O amável rei queria ver tudo, mostrar tudo e foi logo ordenando ao guia trabalhar duro. O guia que nem desconfiava que o personagem tão arrogante e brutal fosse seu soberano, humildemente informou: – Temos que contornar a praça e descer por aquela viela, pois a Rua Veneza esta alagada como sempre. A inteligente rainha que sonhava desde princesinha em passear de gôndola, queria porque queria desfrutar da Rua Veneza, no que o bom guia informou que a rua na realidade não tinha esse nome, que era apenas um apelido carinhoso com que o povo se referia a mesma, pois bastava uma chuvinha para alagá-la.

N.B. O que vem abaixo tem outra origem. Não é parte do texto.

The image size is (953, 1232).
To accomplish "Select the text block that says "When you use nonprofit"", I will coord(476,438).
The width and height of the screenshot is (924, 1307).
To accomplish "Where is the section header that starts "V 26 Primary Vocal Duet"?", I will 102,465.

Um dos príncipes, para testar o ótimo humor paterno, perguntou: – Mas o rei não manda arrumar a rua? Ao que o guia respondeu: – O sublime monarca não se preocupa com ninharias, apesar de todos os proprietários estarem estudando a possibilidade de abandonarem seus prédios, pois ninguém os quer comprar devido à calamidade que os deprecia. E tentarão construir no local um piscinão, que batizarão com o nome do divino monarca para homenageá-lo.

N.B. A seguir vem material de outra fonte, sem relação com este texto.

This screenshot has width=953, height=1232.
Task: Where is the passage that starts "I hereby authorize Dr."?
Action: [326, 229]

A simpática rainha, antes que desse um saricotico em seu amado esposo, mudou de assunto e pediu para ver a famosa e limpa orla marítima, no que foi prontamente atendida.
O príncipe observador ou chato foi logo apontando: – Nóóóssa quanto peixe! Deve ser uma revoada de tainhas! O guia como sempre atento corrigiu-o na hora: – Não é um cardume de tainhas, mas sim um alegre grupo de sacolas plásticas que resolveram conhecer o Oceano.
– Como assim? Retrucou o exótico príncipe.
– É um costume local jogar sacos de lixo na água. Aliás, ali também jogam sofás, cadeiras, camas e outros objetos velhos, cacarecos como dizem.
– E o rei não faz nada?
– Ora sua poderosa e viajada majestade é por demais ocupada para cuidar de bobagens.
– Bobagens! Sujar a água que é fonte de sustento de pescadores!
– Pois é! Mas quem suja a água é a plebe e no meio dela deve ter muitos pescadores.
– Que vergonha! Disse o príncipe eco-chato.
– Sim! Uma vergonha, porem o celeste monarca não tem culpa. As carruagens coletoras de lixo passam diariamente executando sua função.
Resolveram fazer o primeiro lanche do passeio. Quando retiraram os deliciosos petiscos reais, alguns moleques que por ali se divertiam, pararam extasiados e pediram sua cota no festim, no que a astuta rainha, sempre a mais exaltada e curiosa foi logo indagando se estudavam, tinha pais e mães. Deram à resposta padrão, pais ausentes, fome, etc. A rainha teve seu décimo chilique do dia: – E o conselho tutelar! Cadê? Cadê? Na hora de pedir votos são tão devotados! Mas depois é esse descaso! Os meninos deram uma gostosa gargalhada, passaram a mão na cesta de piquenique e saíram correndo.
A bondosa e calma rainha teve seu décimo primeiro chilique do dia: – Policia! Policia! Ao que o gentil guia a explicou: – Com crianças e adolescentes não adianta chamar a policia, pois nada podem fazer, graças a um tal de estatuto, de quem todos por o desconhecerem na íntegra tem medo.
O piedoso casal real e os príncipes, sem a cesta de lanches resolveram voltar à praça principal. Qual não foi a sua imensa surpresa ao constatarem que a velha carruagem havia sido depenada e os cavalos tinham virados churrasquinhos de gato. Voltaram a pé ao palácio, maldizendo o povinho sem educação e sem princípios. Foi o dia de pobreza do rei.
MORAL DA HISTÓRIA: – Cuidado! Por mais importante que você se julgue, um dia a realidade mostra a cara.